* problem replacing failing drive
@ 2012-10-22 9:07 sam tygier
2012-10-25 21:02 ` sam tygier
0 siblings, 1 reply; 4+ messages in thread
From: sam tygier @ 2012-10-22 9:07 UTC (permalink / raw)
To: linux-btrfs
hi,
I have a 2 drive btrfs raid set up. It was created first with a single drive, and then adding a second and doing
btrfs fi balance start -dconvert=raid1 /data
the original drive is showing smart errors so i want to replace it. i dont easily have space in my desktop for an extra disk, so i decided to proceed by shutting down. taking out the old failing drive and putting in the new drive. this is similar to the description at
https://btrfs.wiki.kernel.org/index.php/Using_Btrfs_with_Multiple_Devices#Replacing_Failed_Devices
(the other reason to try this is to simulate what would happen if a drive did completely fail).

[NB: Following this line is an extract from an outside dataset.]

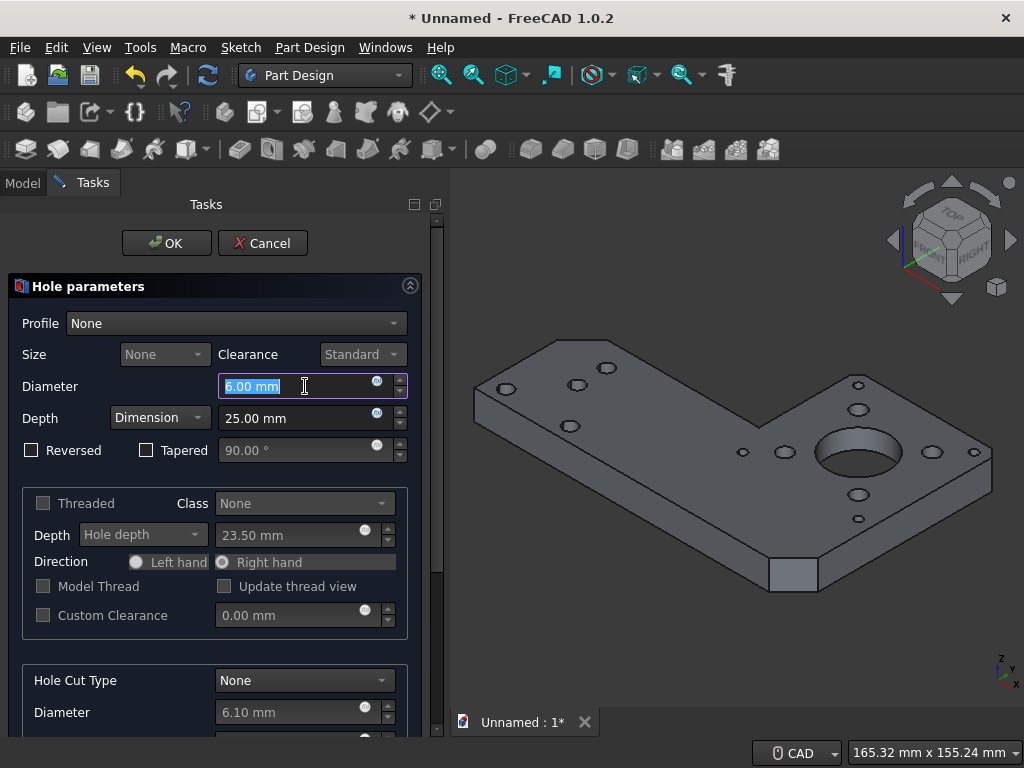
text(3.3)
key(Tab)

so after swapping the drives and rebooting, i try to mount as degraded. i instantly get a kernel panic, http://www.hep.man.ac.uk/u/sam/pub/IMG_5397_crop.png
so far all this has been with 3.5 kernel. so i upgraded to 3.6.2 and tried to mount degraded again.
first with just sudo mount /dev/sdd2 /mnt, then with sudo mount -o degraded /dev/sdd2 /mnt
[ 582.535689] device label bdata devid 1 transid 25342 /dev/sdd2
[ 582.536196] btrfs: disk space caching is enabled
[ 582.536602] btrfs: failed to read the system array on sdd2
[ 582.536860] btrfs: open_ctree failed
[ 606.784176] device label bdata devid 1 transid 25342 /dev/sdd2
[ 606.784647] btrfs: allowing degraded mounts
[ 606.784650] btrfs: disk space caching is enabled
[ 606.785131] btrfs: failed to read chunk root on sdd2
[ 606.785331] btrfs warning page private not zero on page 3222292922368
[ 606.785408] btrfs: open_ctree failed
[ 782.422959] device label bdata devid 1 transid 25342 /dev/sdd2
no panic is good progress, but something is still not right.
my options would seem to be
1) reconnect old drive (probably in a USB caddy), see if it mounts as if nothing ever happened. or possibly try and recover it back to a working raid1. then try again with adding the new drive first, then removing the old one.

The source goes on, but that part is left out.